DATA UNDER STUDY —
#####
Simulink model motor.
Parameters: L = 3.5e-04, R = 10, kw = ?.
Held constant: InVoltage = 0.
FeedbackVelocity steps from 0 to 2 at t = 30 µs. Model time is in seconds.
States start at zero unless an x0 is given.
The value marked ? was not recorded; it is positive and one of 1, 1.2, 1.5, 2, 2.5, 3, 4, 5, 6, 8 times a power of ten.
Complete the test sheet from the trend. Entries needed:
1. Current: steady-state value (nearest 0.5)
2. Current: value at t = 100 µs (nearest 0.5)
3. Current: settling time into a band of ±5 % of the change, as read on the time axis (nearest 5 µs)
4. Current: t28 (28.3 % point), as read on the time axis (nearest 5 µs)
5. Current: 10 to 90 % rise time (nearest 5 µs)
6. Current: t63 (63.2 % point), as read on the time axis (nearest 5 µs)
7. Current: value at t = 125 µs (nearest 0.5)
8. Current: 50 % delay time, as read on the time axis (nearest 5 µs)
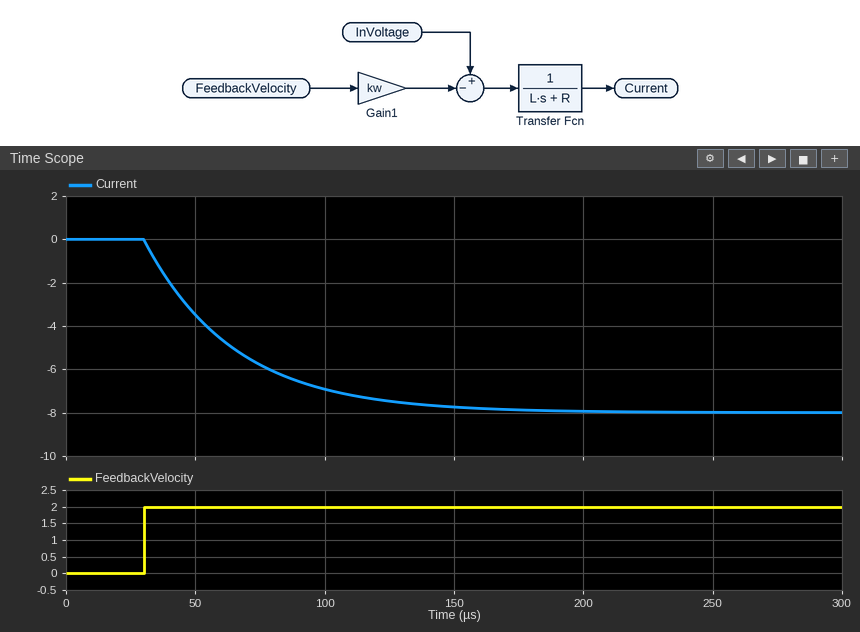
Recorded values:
-8.0
-7.0
135 µs
40 µs
75 µs
65 µs
-7.5
55 µs
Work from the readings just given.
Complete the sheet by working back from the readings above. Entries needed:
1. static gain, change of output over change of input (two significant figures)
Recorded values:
-4.0
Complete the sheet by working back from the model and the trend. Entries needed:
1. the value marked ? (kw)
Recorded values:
40
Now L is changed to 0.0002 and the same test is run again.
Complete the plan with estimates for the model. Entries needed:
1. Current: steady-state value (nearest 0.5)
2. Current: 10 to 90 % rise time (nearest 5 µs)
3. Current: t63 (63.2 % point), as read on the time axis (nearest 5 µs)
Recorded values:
-8.0
45 µs
50 µs
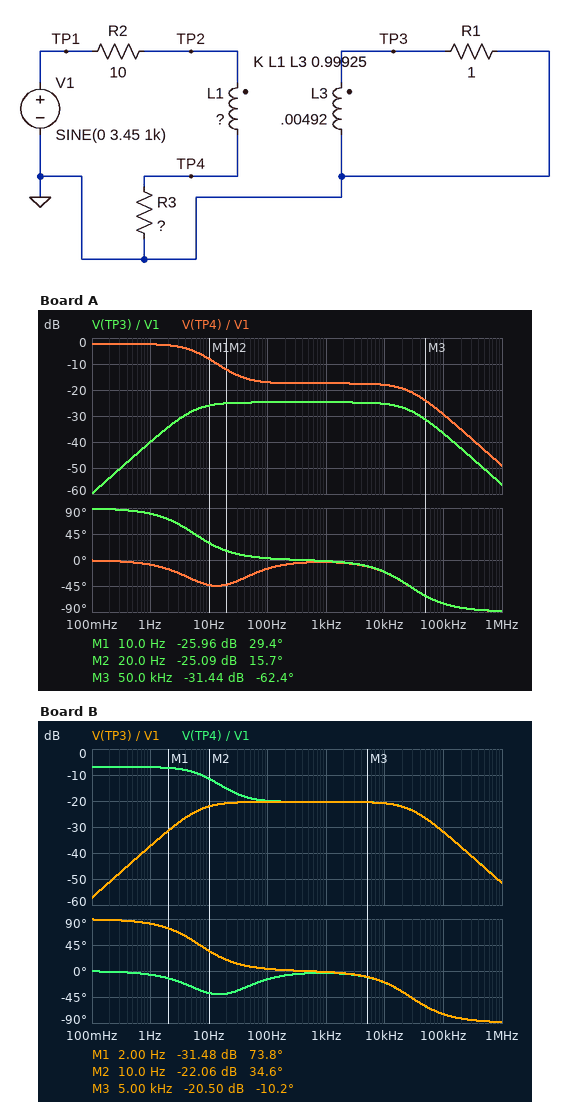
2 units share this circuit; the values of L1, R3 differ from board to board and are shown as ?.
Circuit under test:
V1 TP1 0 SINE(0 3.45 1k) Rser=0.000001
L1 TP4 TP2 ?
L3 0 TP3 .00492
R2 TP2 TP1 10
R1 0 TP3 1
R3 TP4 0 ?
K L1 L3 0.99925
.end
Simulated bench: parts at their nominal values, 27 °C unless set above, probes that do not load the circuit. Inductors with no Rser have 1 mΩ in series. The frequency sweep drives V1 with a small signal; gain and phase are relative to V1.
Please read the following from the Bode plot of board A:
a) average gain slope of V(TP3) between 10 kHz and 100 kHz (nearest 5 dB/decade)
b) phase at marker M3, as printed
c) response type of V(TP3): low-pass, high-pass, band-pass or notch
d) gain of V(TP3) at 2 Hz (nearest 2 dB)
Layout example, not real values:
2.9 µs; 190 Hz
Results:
-10 dB/decade; -62.4 deg; band-pass; -34 dB
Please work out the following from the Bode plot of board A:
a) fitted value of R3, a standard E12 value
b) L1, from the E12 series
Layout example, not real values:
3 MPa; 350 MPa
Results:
33 Ω; 1 H
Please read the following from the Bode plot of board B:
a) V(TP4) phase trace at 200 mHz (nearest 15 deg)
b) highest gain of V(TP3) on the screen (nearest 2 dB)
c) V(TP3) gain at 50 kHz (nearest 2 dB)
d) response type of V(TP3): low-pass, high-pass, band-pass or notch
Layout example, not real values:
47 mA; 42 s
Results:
0 deg; -20 dB; -26 dB; band-pass
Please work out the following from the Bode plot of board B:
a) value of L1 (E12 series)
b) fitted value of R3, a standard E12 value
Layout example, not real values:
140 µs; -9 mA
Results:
330 mH; 8.2 Ω
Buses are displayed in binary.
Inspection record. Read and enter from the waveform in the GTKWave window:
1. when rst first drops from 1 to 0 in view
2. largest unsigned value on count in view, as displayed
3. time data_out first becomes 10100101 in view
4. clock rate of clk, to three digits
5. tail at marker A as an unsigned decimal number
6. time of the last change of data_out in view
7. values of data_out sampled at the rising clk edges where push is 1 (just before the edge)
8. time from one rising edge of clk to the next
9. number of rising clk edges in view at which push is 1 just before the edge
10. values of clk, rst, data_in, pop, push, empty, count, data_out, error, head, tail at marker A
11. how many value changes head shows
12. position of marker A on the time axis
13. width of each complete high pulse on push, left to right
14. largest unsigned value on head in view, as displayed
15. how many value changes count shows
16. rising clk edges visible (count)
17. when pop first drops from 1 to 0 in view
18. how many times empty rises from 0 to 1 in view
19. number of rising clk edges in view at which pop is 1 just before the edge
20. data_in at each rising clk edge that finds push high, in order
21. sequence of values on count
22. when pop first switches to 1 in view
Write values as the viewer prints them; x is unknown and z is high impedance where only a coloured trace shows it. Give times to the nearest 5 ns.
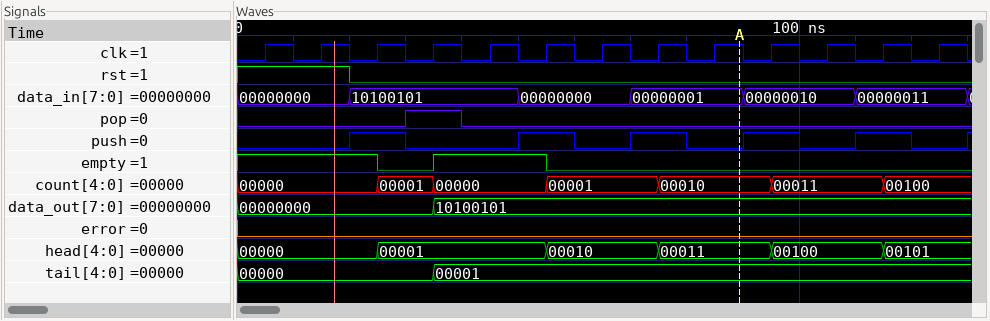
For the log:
20 ns
00100
35 ns
100 MHz
1
35 ns
00000000, 10100101, 10100101, 10100101, 10100101
10 ns
5
clk=1, rst=0, data_in=00000001, pop=0, push=0, empty=0, count=00010, data_out=10100101, error=0, head=00011, tail=00001
5
90 ns
10 ns, 10 ns, 10 ns, 10 ns, 10 ns
00101
6
13
40 ns
1
1
10100101, 00000000, 00000001, 00000010, 00000011
00000, 00001, 00000, 00001, 00010, 00011, 00100
30 ns
#####
WORK TO BE COMPLETED — Give back the whole listing exactly as written. Do not include any picture.

WRITTEN ANSWER —
Simulink model motor.
Parameters: L = 3.5e-04, R = 10, kw = ?.
Held constant: InVoltage = 0.
FeedbackVelocity steps from 0 to 2 at t = 30 µs. Model time is in seconds.
States start at zero unless an x0 is given.
The value marked ? was not recorded; it is positive and one of 1, 1.2, 1.5, 2, 2.5, 3, 4, 5, 6, 8 times a power of ten.
Complete the test sheet from the trend. Entries needed:
1. Current: steady-state value (nearest 0.5)
2. Current: value at t = 100 µs (nearest 0.5)
3. Current: settling time into a band of ±5 % of the change, as read on the time axis (nearest 5 µs)
4. Current: t28 (28.3 % point), as read on the time axis (nearest 5 µs)
5. Current: 10 to 90 % rise time (nearest 5 µs)
6. Current: t63 (63.2 % point), as read on the time axis (nearest 5 µs)
7. Current: value at t = 125 µs (nearest 0.5)
8. Current: 50 % delay time, as read on the time axis (nearest 5 µs)
Recorded values:
-8.0
-7.0
135 µs
40 µs
75 µs
65 µs
-7.5
55 µs
Work from the readings just given.
Complete the sheet by working back from the readings above. Entries needed:
1. static gain, change of output over change of input (two significant figures)
Recorded values:
-4.0
Complete the sheet by working back from the model and the trend. Entries needed:
1. the value marked ? (kw)
Recorded values:
40
Now L is changed to 0.0002 and the same test is run again.
Complete the plan with estimates for the model. Entries needed:
1. Current: steady-state value (nearest 0.5)
2. Current: 10 to 90 % rise time (nearest 5 µs)
3. Current: t63 (63.2 % point), as read on the time axis (nearest 5 µs)
Recorded values:
-8.0
45 µs
50 µs
2 units share this circuit; the values of L1, R3 differ from board to board and are shown as ?.
Circuit under test:
V1 TP1 0 SINE(0 3.45 1k) Rser=0.000001
L1 TP4 TP2 ?
L3 0 TP3 .00492
R2 TP2 TP1 10
R1 0 TP3 1
R3 TP4 0 ?
K L1 L3 0.99925
.end
Simulated bench: parts at their nominal values, 27 °C unless set above, probes that do not load the circuit. Inductors with no Rser have 1 mΩ in series. The frequency sweep drives V1 with a small signal; gain and phase are relative to V1.
Please read the following from the Bode plot of board A:
a) average gain slope of V(TP3) between 10 kHz and 100 kHz (nearest 5 dB/decade)
b) phase at marker M3, as printed
c) response type of V(TP3): low-pass, high-pass, band-pass or notch
d) gain of V(TP3) at 2 Hz (nearest 2 dB)
Layout example, not real values:
2.9 µs; 190 Hz
Results:
-10 dB/decade; -62.4 deg; band-pass; -34 dB
Please work out the following from the Bode plot of board A:
a) fitted value of R3, a standard E12 value
b) L1, from the E12 series
Layout example, not real values:
3 MPa; 350 MPa
Results:
33 Ω; 1 H
Please read the following from the Bode plot of board B:
a) V(TP4) phase trace at 200 mHz (nearest 15 deg)
b) highest gain of V(TP3) on the screen (nearest 2 dB)
c) V(TP3) gain at 50 kHz (nearest 2 dB)
d) response type of V(TP3): low-pass, high-pass, band-pass or notch
Layout example, not real values:
47 mA; 42 s
Results:
0 deg; -20 dB; -26 dB; band-pass
Please work out the following from the Bode plot of board B:
a) value of L1 (E12 series)
b) fitted value of R3, a standard E12 value
Layout example, not real values:
140 µs; -9 mA
Results:
330 mH; 8.2 Ω
Buses are displayed in binary.
Inspection record. Read and enter from the waveform in the GTKWave window:
1. when rst first drops from 1 to 0 in view
2. largest unsigned value on count in view, as displayed
3. time data_out first becomes 10100101 in view
4. clock rate of clk, to three digits
5. tail at marker A as an unsigned decimal number
6. time of the last change of data_out in view
7. values of data_out sampled at the rising clk edges where push is 1 (just before the edge)
8. time from one rising edge of clk to the next
9. number of rising clk edges in view at which push is 1 just before the edge
10. values of clk, rst, data_in, pop, push, empty, count, data_out, error, head, tail at marker A
11. how many value changes head shows
12. position of marker A on the time axis
13. width of each complete high pulse on push, left to right
14. largest unsigned value on head in view, as displayed
15. how many value changes count shows
16. rising clk edges visible (count)
17. when pop first drops from 1 to 0 in view
18. how many times empty rises from 0 to 1 in view
19. number of rising clk edges in view at which pop is 1 just before the edge
20. data_in at each rising clk edge that finds push high, in order
21. sequence of values on count
22. when pop first switches to 1 in view
Write values as the viewer prints them; x is unknown and z is high impedance where only a coloured trace shows it. Give times to the nearest 5 ns.
For the log:
20 ns
00100
35 ns
100 MHz
1
35 ns
00000000, 10100101, 10100101, 10100101, 10100101
10 ns
5
clk=1, rst=0, data_in=00000001, pop=0, push=0, empty=0, count=00010, data_out=10100101, error=0, head=00011, tail=00001
5
90 ns
10 ns, 10 ns, 10 ns, 10 ns, 10 ns
00101
6
13
40 ns
1
1
10100101, 00000000, 00000001, 00000010, 00000011
00000, 00001, 00000, 00001, 00010, 00011, 00100
30 ns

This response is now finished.